Cool looking coins, man. Do you often find a large variety of foreign coins on the beaches there? Or do you mostly find just the local types?
 

EpsilonMinus said:
Cool looking coins, man. Do you often find a large variety of foreign coins on the beaches there? Or do you mostly find just the local types?

I've never found a foreign coin here before, just Japanese coins. But there is another metal detectorist who found a US dime on the same beach that I metal detect on.
 

Is Enoshima beach the same one you can see Mt. Fuji from? Man, if so, that's a wicked location! And on top of that, you get to hunt for treasure, hah, awesome. Much envy!
 

EpsilonMinus said:
Is Enoshima beach the same one you can see Mt. Fuji from? Man, if so, that's a wicked location! And on top of that, you get to hunt for treasure, hah, awesome. Much envy!

Yep that's the place. It especially beautiful when there's a sunset, and sometimes the sun sets right behind Mt.

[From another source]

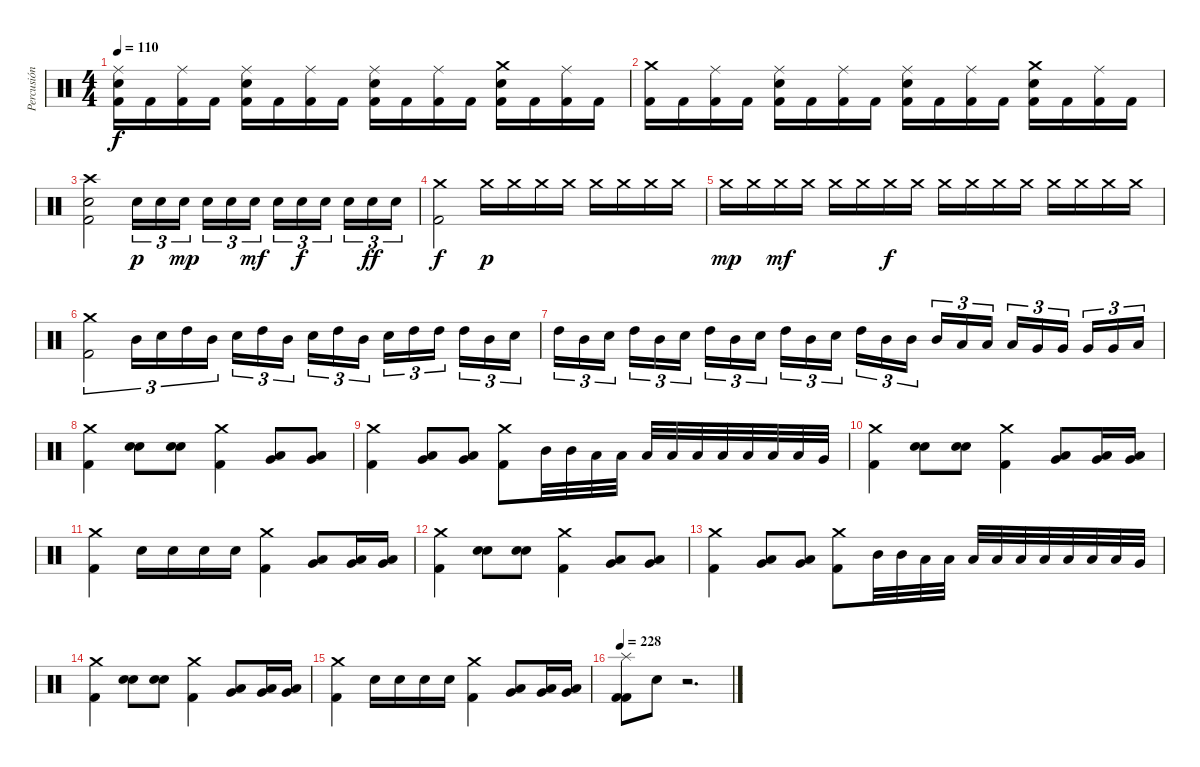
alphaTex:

Fuji, which makes it a spectacular sight.
 

Not for sure, but probably the Korean coin that was being substituted was the 500 won coin.....worth every bit of 50 cents......
and that is not a bad bit of changing......50 cents for 5 dollars......
Some people just have no scruples.
It is hard to imagine that you find no foreign coins.....here in Korea I find Chinese and Japanese at a rate of about 1 out of every 7 or 8 coins. And in one site up towards the DMZ I didn't find any Korean coins, but found a U.S. 1 cent, an Australian 1 cent, and an English 1 cent......must have been a sitdown and chat time for the soldiers.
Try to take a few pics of Mt. Fuji, and some of the spectacular sunsets/sunrises that you might encounter. We would all enjoy
those. Good hunting. :thumbsup:
 

the high ratio of foreign coins in Korea * was most likely WW2 and Korean war ---japan had already took before WW 2 started and later on Chinese troops were there too (during the Korean War* -they worked with the north koreans)-- of course during the korean war us , brits and aussies were part of the un troops
 

Ivan, just one bit of erroneous info in your followup post:
Japan never took over Korea during WWII. It took over Korea in 1910. The Japanese were in Korea
as invaders/occupiers from 1910 to 1945.....that is why I find ONLY JAPANESE COINS dating from the
1910-1945 time frame.....because one of the occupation things that Japan did was force the Korean
people to use Japanese money. (Many other things too, but that's on a historical site.)
You are right as to why I found the other coins. Many troops from many countries in Korea, resisting the
communist try at taking over Korea after the Japanese left, at the end of WWII......left a vacuum that the
commies tried to fill.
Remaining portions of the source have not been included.